(WHAT TO PRODUCE) Give the entries again exactly. Skip the pictures.

(ENTRIES SUPPLIED)
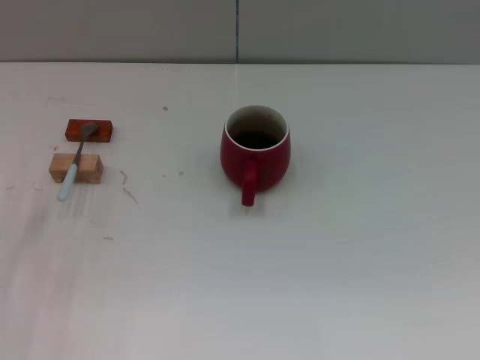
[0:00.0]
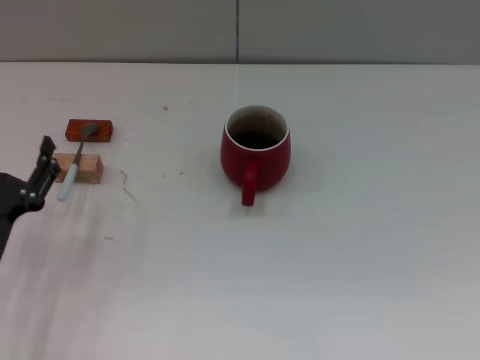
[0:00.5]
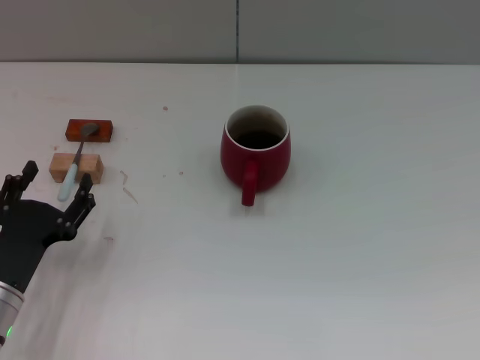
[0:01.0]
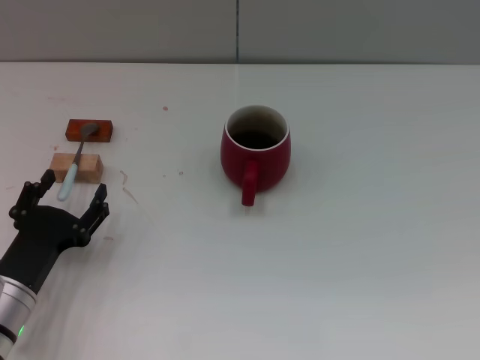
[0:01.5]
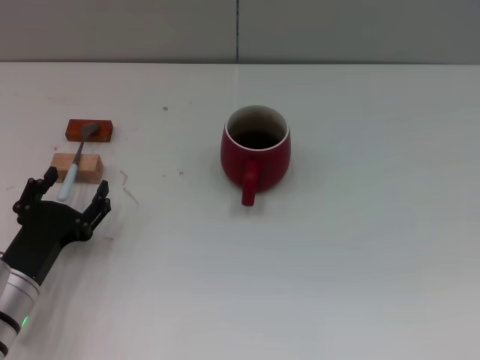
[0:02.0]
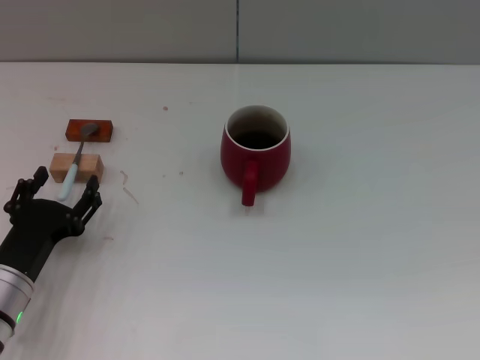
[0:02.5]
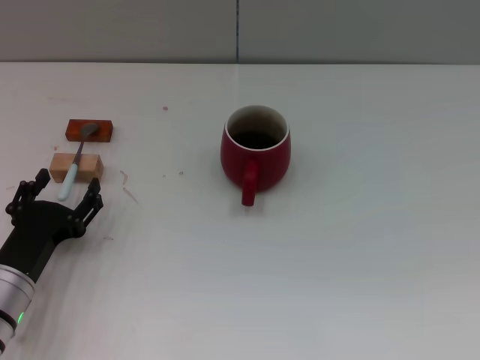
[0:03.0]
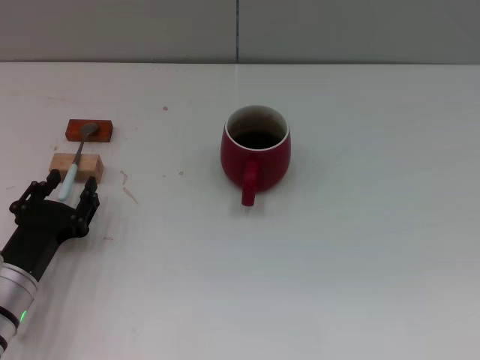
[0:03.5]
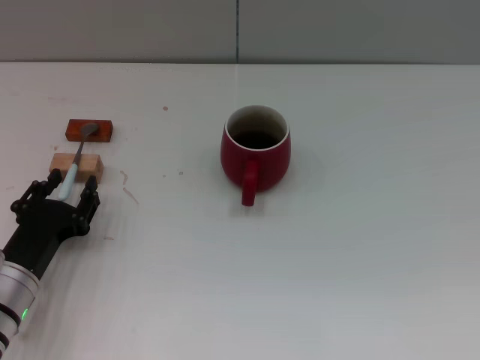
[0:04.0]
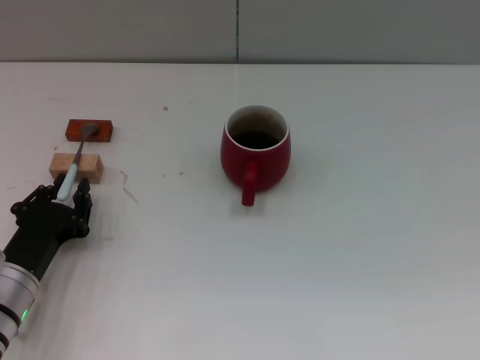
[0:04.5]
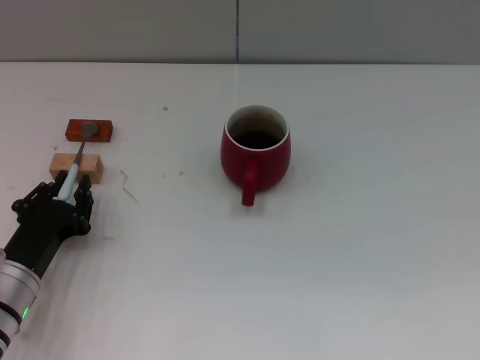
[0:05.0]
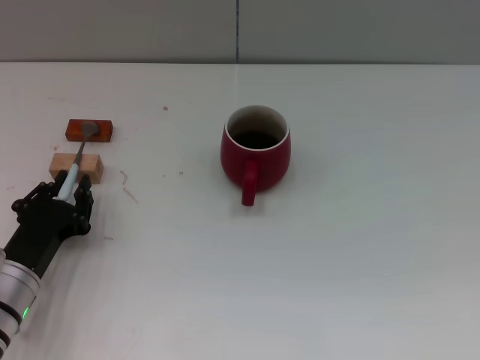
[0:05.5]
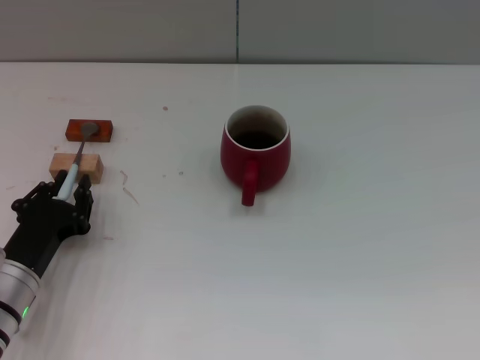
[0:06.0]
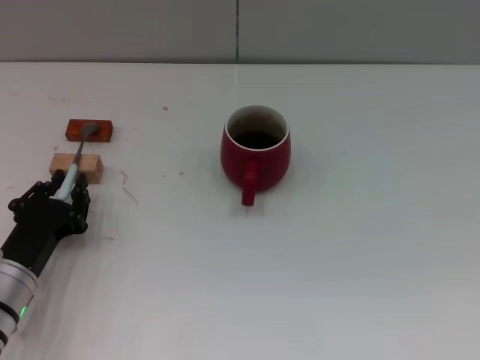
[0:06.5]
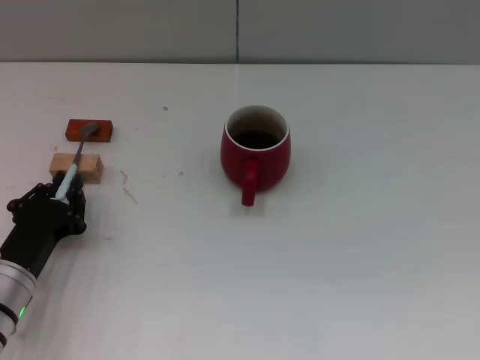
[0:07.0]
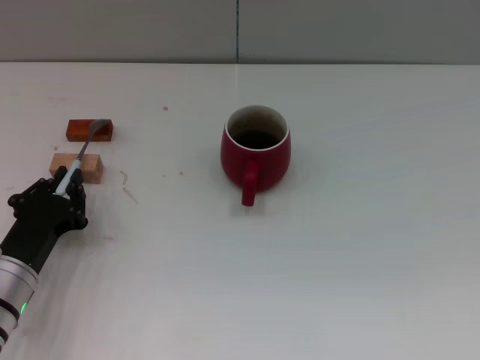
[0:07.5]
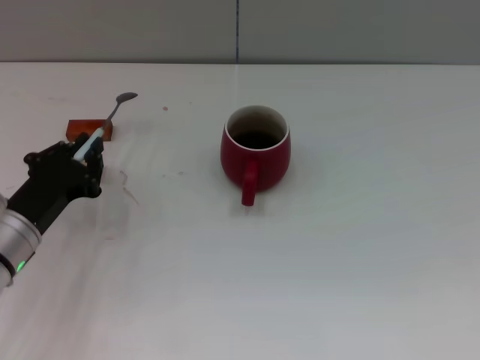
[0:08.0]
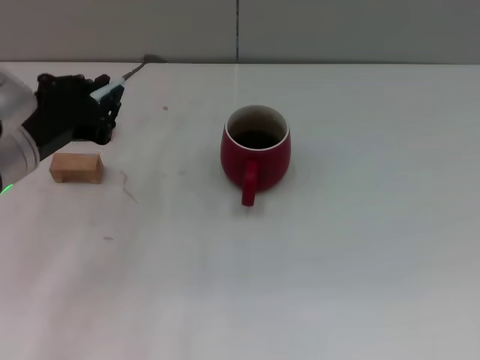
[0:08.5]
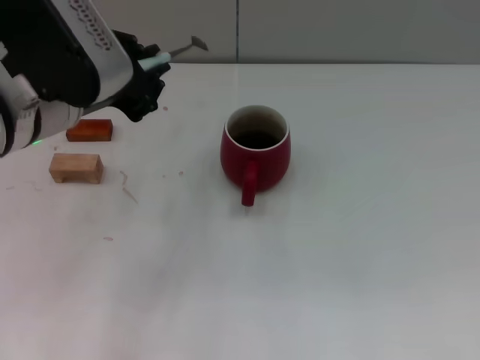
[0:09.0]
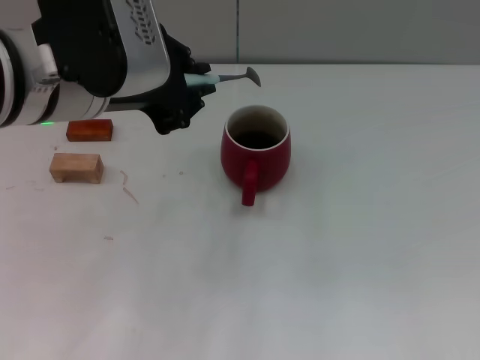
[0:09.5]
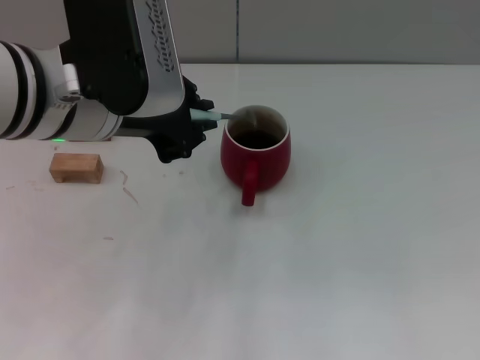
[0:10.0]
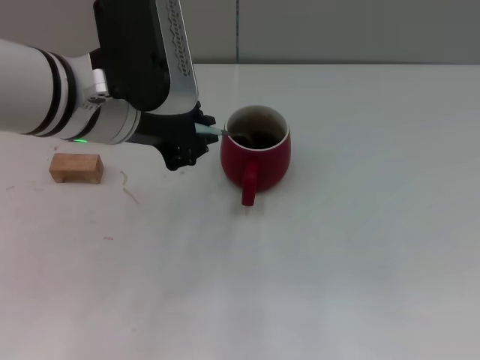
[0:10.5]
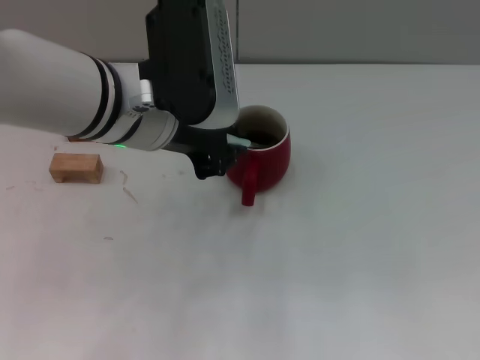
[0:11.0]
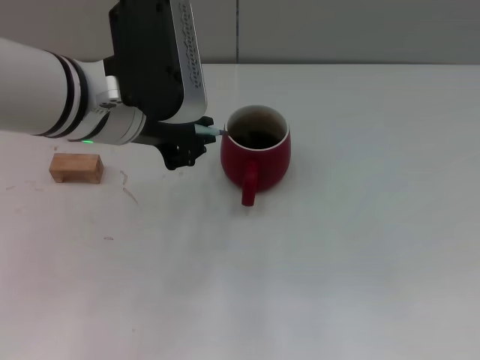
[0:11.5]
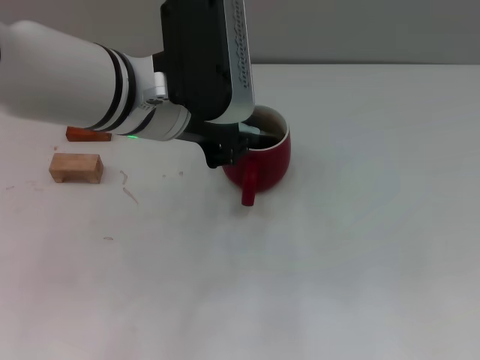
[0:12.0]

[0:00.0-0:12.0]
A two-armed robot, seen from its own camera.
Task of the whole recording: Move the red cup to the center, lift the blue spoon, stir it three times in the cup, and put the spoon into the cup.
Step, 0:00.5 to 0:09.0: Pick up the spoon with the left gripper.
0:00.0 to 0:02.0: The left gripper heads to the right, covering about 5 cm.
0:02.0 to 0:04.0: The left gripper closes.
0:04.0 to 0:06.0: The left gripper closes.
0:06.0 to 0:08.0: The left gripper moves approximately 5 cm.
0:08.0 to 0:10.0: The left gripper is displaced upward and to the right by roughly 25 cm.
0:10.0 to 0:12.0: The left gripper moves about 5 cm.

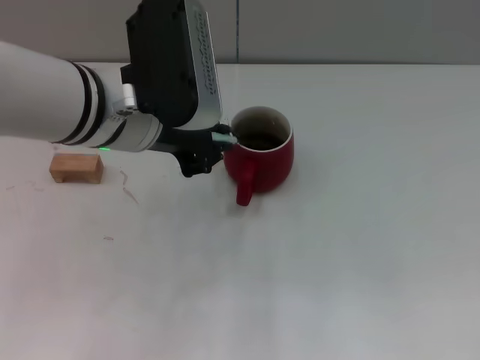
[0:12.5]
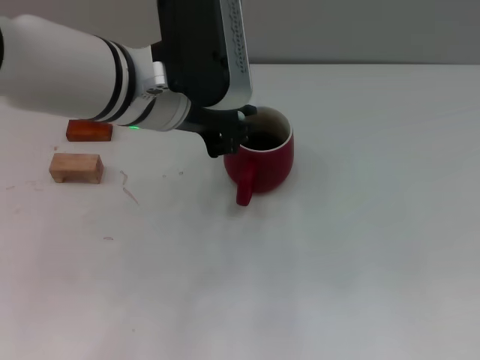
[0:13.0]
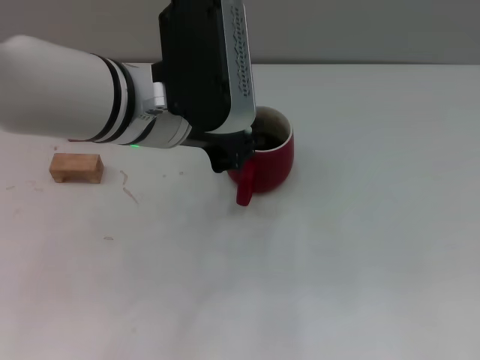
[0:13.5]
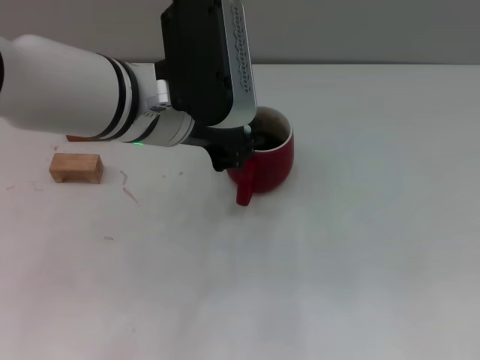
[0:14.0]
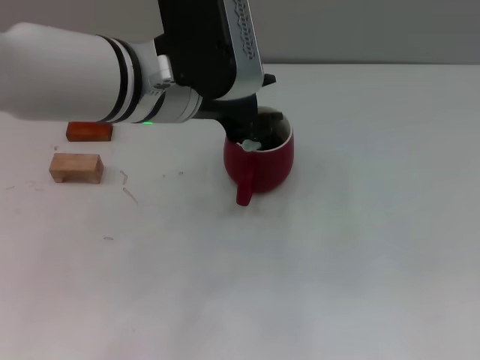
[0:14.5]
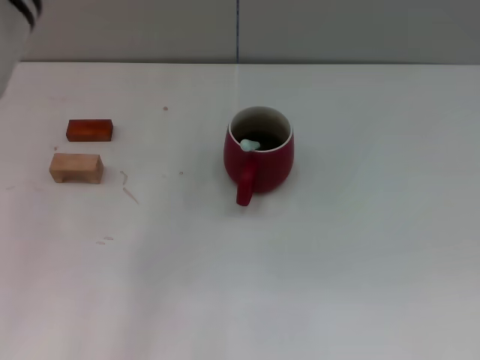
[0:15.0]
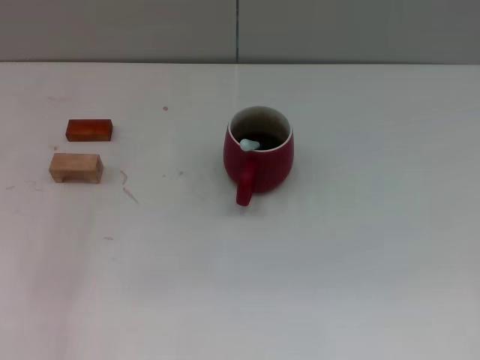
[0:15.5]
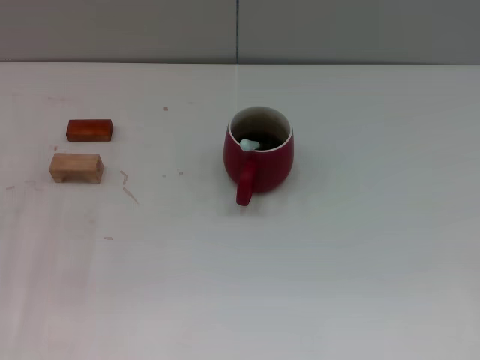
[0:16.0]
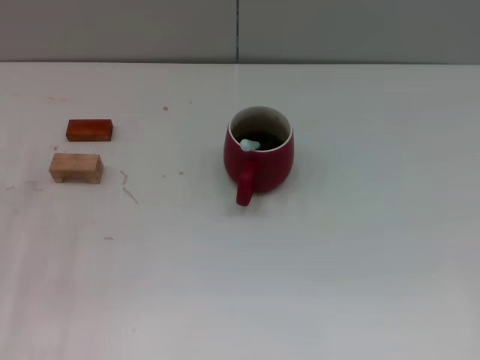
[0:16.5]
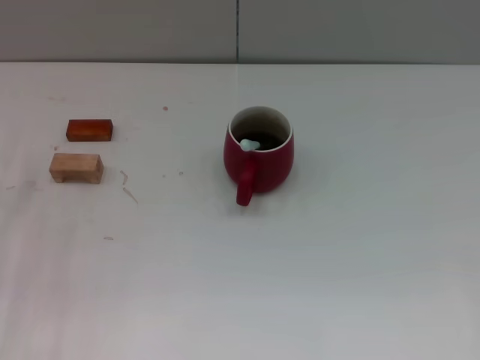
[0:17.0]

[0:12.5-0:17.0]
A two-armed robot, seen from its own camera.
Task of the whole recording: Move the red cup to the center, lift the blue spoon, stir it three times in the cup, and put the spoon into the cup.
Step, 0:12.5 to 0:15.5: Stir the coffee in the cup with the left gripper.
0:12.5 to 0:14.5: There are only small adjustments of the grippers.
0:14.5 to 0:17.0: The left gripper is displaced to the left and downward by roughly 25 cm, and opens its fingers.

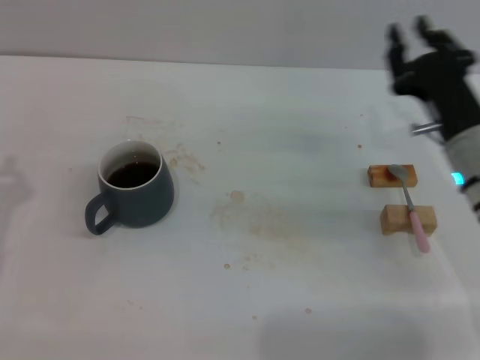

(YOUR SOLUTION)
[0:00.0]
[0:00.5]
[0:01.0]
[0:01.5]
[0:02.0]
[0:02.5]
[0:03.0]
[0:03.5]
[0:04.0]
[0:04.5]
[0:05.0]
[0:05.5]
[0:06.0]
[0:06.5]
[0:07.0]
[0:07.5]
[0:08.0]
[0:08.5]
[0:09.0]
[0:09.5]
[0:10.0]
[0:10.5]
[0:11.0]
[0:11.5]
[0:12.0]

[0:00.0-0:12.0]
A two-armed robot, seen from its own camera.
Task of the whole recording: Move the red cup to the center, lift the blue spoon, stir it three times in the cup, and put the spoon into the cup.
Step, 0:00.5 to 0:09.0: Pick up the spoon with the left gripper.
0:00.0 to 0:02.0: The left gripper heads to the right, covering about 5 cm.
0:02.0 to 0:04.0: The left gripper closes.
0:04.0 to 0:06.0: The left gripper closes.
0:06.0 to 0:08.0: The left gripper moves approximately 5 cm.
0:08.0 to 0:10.0: The left gripper is displaced upward and to the right by roughly 25 cm.
0:10.0 to 0:12.0: The left gripper moves about 5 cm.

[0:12.5]
[0:13.0]
[0:13.5]
[0:14.0]
[0:14.5]
[0:15.0]
[0:15.5]
[0:16.0]
[0:16.5]
[0:17.0]

[0:12.5-0:17.0]
A two-armed robot, seen from its own camera.
Task of the whole recording: Move the red cup to the center, lift the blue spoon, stir it three times in the cup, and put the spoon into the cup.
Step, 0:12.5 to 0:15.5: Stir the coffee in the cup with the left gripper.
0:12.5 to 0:14.5: There are only small adjustments of the grippers.
0:14.5 to 0:17.0: The left gripper is displaced to the left and downward by roughly 25 cm, and opens its fingers.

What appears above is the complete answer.